I have also seen many one-hit wonders of other rheometer fixes that serve very ad hoc purposes. These appear only a short while not because they are inefficient. Instead most of these designs are very clever. The difficulty for other to follow these research lies in maintaining the accuracy of data on a DIY setting. In many cases, once the student leave the lab, the setup he/she built is left unused, and the ideas behind is also dead. But I still love this kind of research. When I read one of these papers, I am not implied to following the authors citing their works (as is the case of most paper published), but refreshed by the extreme originality of it, reminding me to independently think of my own weird science and instruments.

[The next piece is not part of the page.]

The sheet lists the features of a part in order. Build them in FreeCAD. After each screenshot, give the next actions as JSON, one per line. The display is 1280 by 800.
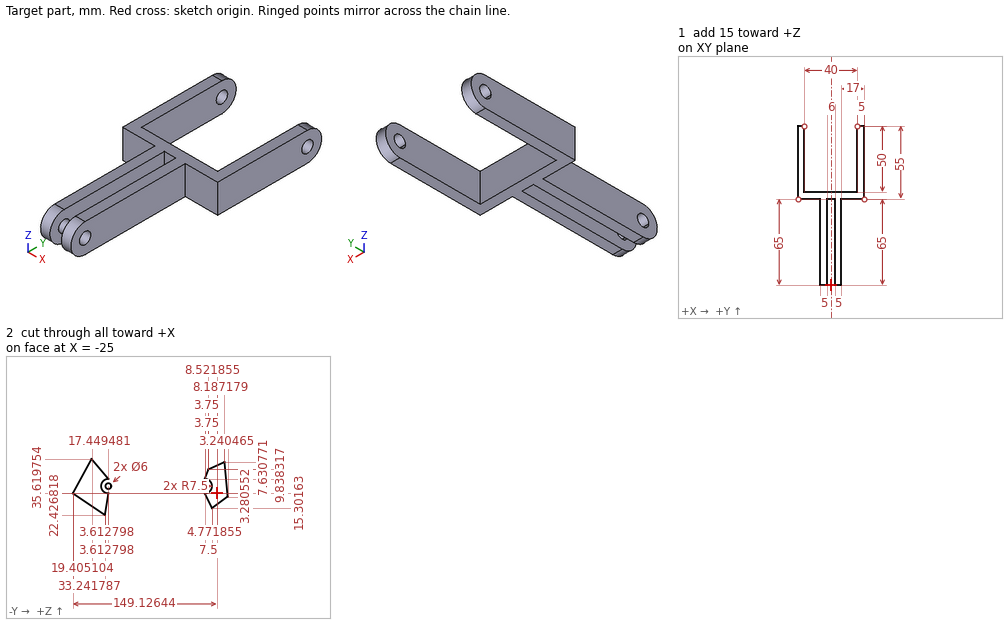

In fact, the discipline of rheology bear this spirit of DIY. The early great experimental rheologists also made major contribution to the design of rheometer themselves. As far as I know, it was W. Philippoff who proposed oscillatory measurement. He was an electrical engineer, and got the idea at that time from the characterization of loss in oversea telephone signal by tanδ — the dielectric loss in this case. As his close colleague, A. Weissenberg develop a rheometer for this purpose, widely known as the “Weissenberg rheogoniometer”, e.g. the famous model R18, using a light beam to read the displacement analogous to the analytical balance. The accuracy of torque and displacement data is further enhanced by J. Ferry, who introduced electromagnetic transducers and obtained a rheometer that could output analytic signals. For a long period in a rheological experiment obtaining the data required knowledge of low-frequency circuit design. With the development of computer there was also once a time when a rheometer was connected to a “room”, the smallest size of computer at that time. It is intriguing that from the development of rheometer we actually see the history of electronics. These pioneers have set the excellent example of how to be a creative experimentalist (as they appeared to be more famous for their experimental work than theorectical ones): keep a close attention to the development of the vast field of technology and dare to apply new trick on the rheometers or other experimental instruments. On a uniquely designed instruments, all observation must be new, the rest lying on the physical meaning you want to address.